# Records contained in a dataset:
····················

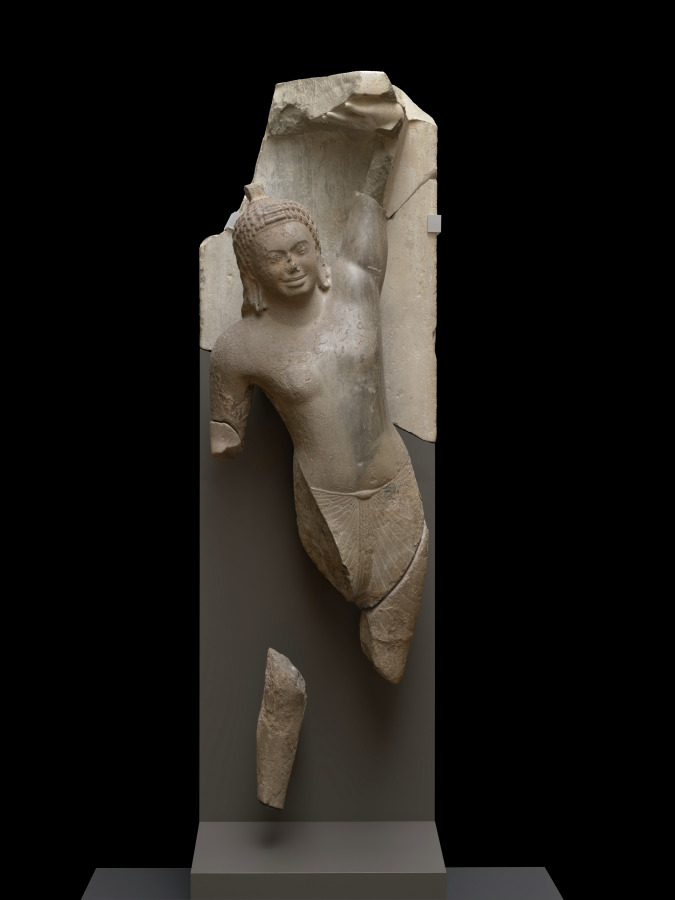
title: Krishna Lifting Mount Govardhan
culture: Southern Cambodia, Takeo Province, Phnom Da
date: c. 600
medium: Sandstone
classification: Sculpture
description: This masterwork of early Cambodian sculpture shows the Hindu god Krishna effortlessly holding aloft a mountain to protect his fellow villagers and herds from torrential storms sent by a jealous old god. It is one of eight monumental monolithic figures recovered from a two-peaked mountain in the floodplains of the Mekong River delta, on the outskirts of the ancient urban center of Angkor Borei.
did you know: Gold earrings were once fastened to the sculpture using holes in the figure's earlobes.
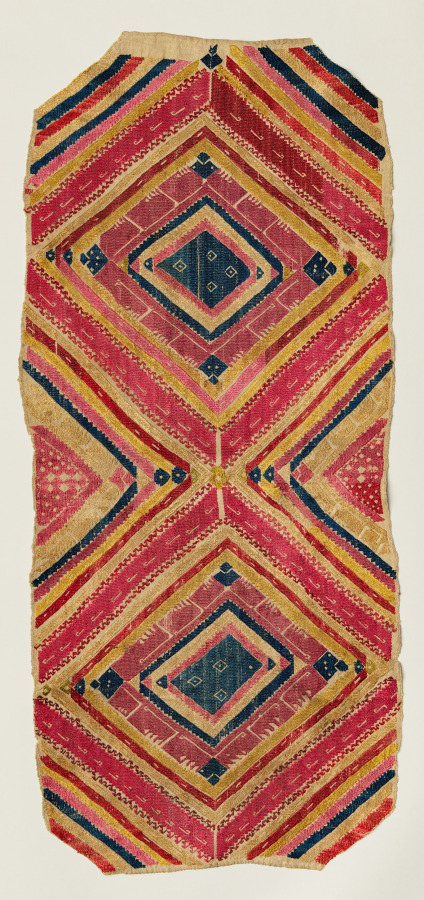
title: Fragment
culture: Africa, North Africa, Morocco, Moroccan embroiderer
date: 1600s-1700s
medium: Silk, linen
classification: Embroidery
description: This textile fragment, possibly made from linen, is densely embroidered with silk threads in various shades of pink, red, yellow, and blue. The design is organized as a series of nested squared and some of the bands are patterned with repeating designs that somewhat resemble letters of the Arabic alphabet. The artist didn't use silk thread to make these, but instead stitched around the desired shapes. The letter-like patterns are thus actually parts of the plain base fabric showing through.
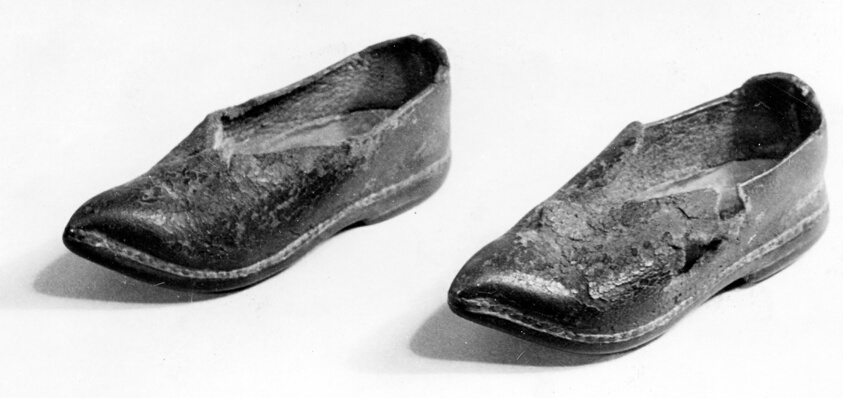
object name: Textile
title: Pair of Childs Shoes
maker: United States
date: 1701/25
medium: Leather; pointed
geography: United States
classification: textile; shoes - misc; costume accessory - shoe; costume; dress (garment); clothing
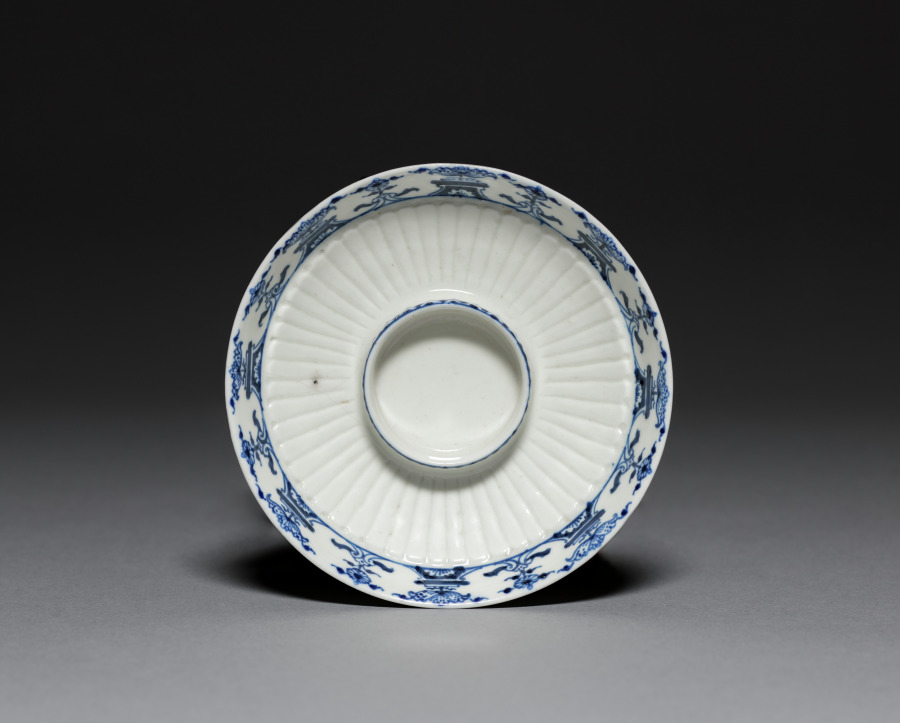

····················

# YOUR ASSIGNMENT:
What lines hold the string "classification"? Pick them out of the data.

# PROBLEM SOLUTION:
classification: Sculpture
classification: Embroidery
classification: textile; shoes - misc; costume accessory - shoe; costume; dress (garment); clothing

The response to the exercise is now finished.